INPUT DATA:
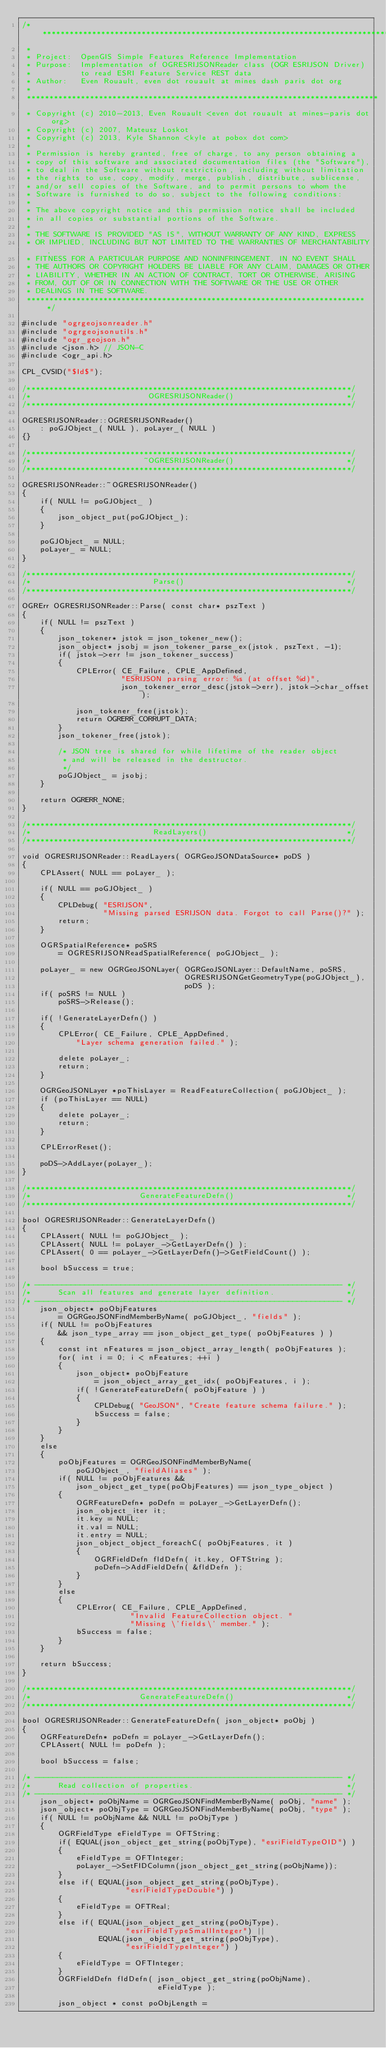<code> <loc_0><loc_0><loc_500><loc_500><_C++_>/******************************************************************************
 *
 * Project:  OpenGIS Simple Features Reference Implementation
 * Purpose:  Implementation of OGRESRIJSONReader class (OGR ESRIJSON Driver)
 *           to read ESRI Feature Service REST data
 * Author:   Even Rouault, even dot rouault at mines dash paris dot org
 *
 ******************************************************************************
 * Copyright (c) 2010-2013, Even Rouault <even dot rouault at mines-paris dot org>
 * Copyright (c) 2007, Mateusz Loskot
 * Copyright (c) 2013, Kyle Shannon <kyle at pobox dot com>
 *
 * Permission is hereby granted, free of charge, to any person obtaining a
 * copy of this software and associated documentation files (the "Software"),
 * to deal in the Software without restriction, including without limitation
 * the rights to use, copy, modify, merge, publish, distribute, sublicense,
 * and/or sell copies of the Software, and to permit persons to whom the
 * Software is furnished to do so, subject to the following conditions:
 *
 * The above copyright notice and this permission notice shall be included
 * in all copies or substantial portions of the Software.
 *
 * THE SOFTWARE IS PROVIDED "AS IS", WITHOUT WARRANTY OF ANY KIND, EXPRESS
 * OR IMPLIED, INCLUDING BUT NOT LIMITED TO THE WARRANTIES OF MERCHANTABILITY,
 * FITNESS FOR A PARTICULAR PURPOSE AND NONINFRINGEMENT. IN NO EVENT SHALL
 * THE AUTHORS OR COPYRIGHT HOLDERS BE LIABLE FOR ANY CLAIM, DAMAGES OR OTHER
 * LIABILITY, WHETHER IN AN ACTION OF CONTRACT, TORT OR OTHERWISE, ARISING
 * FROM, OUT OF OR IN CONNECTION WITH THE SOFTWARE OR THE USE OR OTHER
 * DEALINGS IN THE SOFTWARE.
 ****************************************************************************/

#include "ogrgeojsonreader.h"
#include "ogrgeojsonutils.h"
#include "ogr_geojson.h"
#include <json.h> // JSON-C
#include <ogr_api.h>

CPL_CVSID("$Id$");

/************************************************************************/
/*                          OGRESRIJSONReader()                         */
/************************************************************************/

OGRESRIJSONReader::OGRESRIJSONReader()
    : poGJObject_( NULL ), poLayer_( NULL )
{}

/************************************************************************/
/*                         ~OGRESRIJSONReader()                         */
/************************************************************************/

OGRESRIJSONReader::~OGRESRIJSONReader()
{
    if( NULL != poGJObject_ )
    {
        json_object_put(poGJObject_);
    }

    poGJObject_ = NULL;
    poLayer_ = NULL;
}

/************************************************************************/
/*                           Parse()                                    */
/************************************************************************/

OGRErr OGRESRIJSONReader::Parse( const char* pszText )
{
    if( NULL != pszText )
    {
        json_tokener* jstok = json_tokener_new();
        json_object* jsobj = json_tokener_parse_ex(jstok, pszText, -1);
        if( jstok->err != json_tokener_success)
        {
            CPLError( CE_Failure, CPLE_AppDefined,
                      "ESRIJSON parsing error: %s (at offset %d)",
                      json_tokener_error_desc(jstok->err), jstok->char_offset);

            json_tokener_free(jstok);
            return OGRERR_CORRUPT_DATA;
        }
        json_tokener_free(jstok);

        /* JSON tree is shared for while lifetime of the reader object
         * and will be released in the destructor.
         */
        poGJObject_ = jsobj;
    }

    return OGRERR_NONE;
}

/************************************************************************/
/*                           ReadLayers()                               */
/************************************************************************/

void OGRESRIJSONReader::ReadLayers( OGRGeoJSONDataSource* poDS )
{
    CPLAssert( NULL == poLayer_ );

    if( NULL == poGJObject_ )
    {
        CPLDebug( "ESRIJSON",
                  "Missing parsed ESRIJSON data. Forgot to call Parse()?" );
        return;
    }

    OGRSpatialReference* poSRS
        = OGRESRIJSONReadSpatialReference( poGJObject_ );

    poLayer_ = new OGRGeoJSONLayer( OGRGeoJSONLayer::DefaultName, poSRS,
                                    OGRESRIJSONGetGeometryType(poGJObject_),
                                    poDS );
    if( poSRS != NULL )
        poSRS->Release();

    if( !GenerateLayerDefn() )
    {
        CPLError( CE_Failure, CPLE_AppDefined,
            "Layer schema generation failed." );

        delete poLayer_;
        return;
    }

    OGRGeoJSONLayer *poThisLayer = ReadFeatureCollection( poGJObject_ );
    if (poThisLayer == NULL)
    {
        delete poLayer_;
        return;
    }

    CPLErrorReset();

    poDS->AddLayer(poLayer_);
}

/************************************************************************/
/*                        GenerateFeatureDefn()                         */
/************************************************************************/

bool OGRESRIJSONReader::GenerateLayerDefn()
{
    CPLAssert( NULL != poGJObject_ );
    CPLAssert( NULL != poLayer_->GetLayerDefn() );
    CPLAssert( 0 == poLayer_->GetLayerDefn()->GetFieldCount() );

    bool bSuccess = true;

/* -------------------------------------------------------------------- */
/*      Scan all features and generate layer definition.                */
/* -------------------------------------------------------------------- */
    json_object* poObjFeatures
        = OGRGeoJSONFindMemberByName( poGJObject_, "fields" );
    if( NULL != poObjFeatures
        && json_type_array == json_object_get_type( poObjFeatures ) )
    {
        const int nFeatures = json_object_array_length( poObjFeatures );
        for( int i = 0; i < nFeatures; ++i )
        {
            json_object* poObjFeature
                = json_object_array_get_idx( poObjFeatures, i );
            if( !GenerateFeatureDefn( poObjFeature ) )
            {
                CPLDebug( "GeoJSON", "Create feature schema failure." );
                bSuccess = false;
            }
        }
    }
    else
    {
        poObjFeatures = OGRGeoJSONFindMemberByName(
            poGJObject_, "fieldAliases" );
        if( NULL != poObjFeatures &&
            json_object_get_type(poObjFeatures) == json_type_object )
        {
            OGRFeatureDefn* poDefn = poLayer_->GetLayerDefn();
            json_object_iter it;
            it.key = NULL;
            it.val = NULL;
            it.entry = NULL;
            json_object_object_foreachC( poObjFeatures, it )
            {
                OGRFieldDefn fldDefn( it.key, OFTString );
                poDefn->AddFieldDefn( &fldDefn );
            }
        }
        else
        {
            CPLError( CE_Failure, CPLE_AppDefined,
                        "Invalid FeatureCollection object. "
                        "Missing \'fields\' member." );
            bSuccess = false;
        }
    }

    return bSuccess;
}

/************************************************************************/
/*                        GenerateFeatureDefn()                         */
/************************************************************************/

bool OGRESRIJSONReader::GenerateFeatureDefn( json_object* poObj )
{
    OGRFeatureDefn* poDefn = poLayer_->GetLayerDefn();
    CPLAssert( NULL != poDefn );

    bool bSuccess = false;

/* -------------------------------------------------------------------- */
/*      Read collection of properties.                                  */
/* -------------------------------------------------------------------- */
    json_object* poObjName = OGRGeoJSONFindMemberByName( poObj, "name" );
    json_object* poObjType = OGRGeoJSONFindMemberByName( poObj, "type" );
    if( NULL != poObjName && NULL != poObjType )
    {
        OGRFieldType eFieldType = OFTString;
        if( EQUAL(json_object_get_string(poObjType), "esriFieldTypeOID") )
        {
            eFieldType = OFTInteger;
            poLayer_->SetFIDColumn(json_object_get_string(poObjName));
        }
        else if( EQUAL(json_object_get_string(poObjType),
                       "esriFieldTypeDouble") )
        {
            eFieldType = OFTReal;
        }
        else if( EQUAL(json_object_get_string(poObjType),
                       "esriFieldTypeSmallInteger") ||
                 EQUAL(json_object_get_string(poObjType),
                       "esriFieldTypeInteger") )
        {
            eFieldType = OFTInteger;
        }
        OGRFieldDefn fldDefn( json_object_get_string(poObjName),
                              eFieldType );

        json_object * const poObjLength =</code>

--

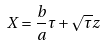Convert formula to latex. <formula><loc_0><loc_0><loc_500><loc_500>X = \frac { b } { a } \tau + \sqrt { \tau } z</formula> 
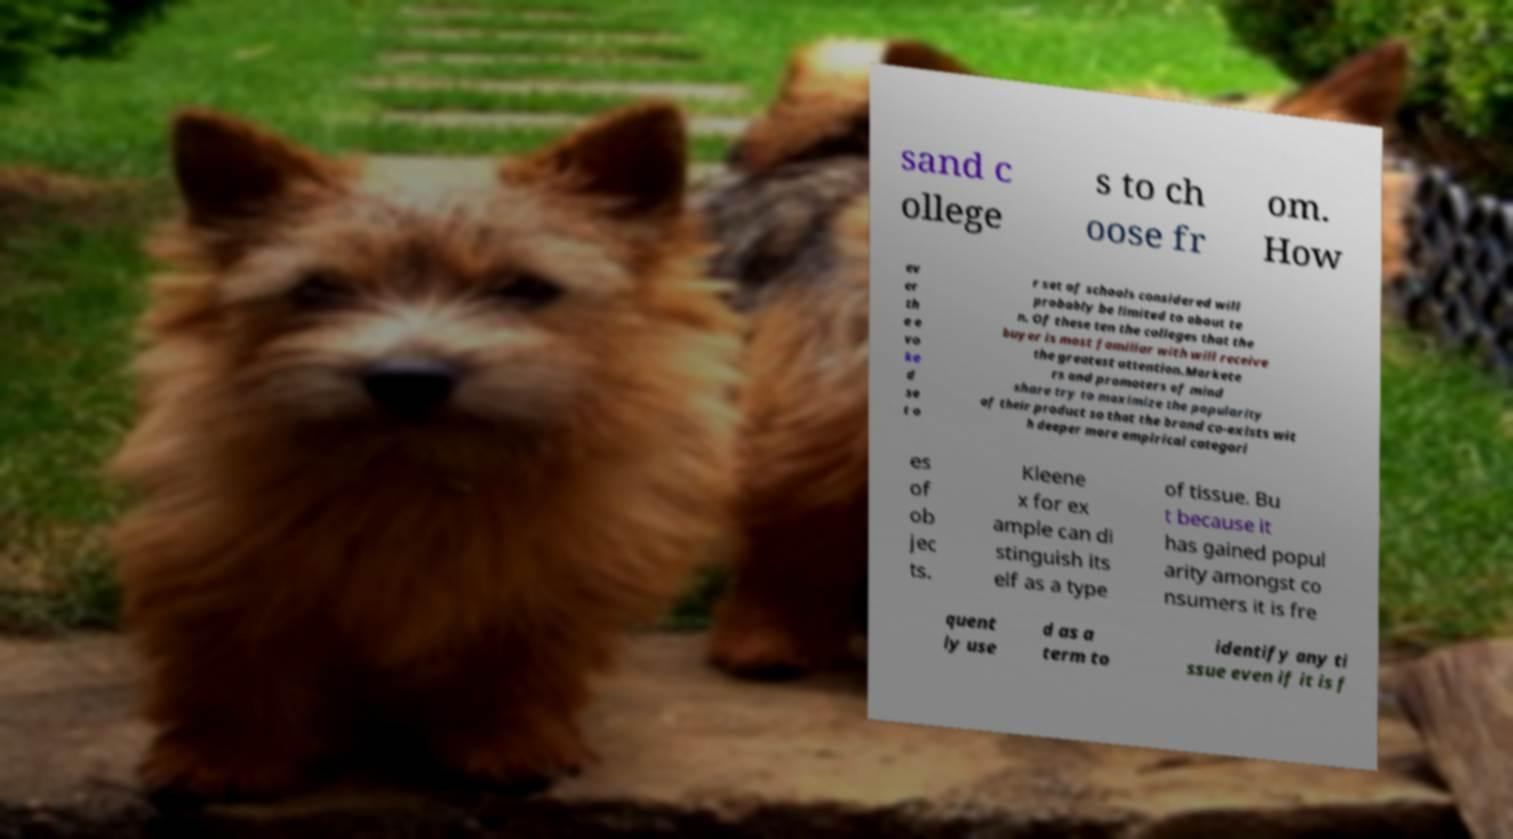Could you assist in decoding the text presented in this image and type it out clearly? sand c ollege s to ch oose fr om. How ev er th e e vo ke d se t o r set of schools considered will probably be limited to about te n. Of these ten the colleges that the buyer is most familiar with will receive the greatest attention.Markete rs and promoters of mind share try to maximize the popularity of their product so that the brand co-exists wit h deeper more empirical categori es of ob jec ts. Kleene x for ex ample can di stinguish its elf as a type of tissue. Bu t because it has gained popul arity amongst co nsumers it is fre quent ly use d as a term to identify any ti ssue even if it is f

WHAT YOU SHOULD DO: Using the data above, tally each line in which "poThisLayer" appears and give the number with no other words.

SOLVED PROBLEM: 2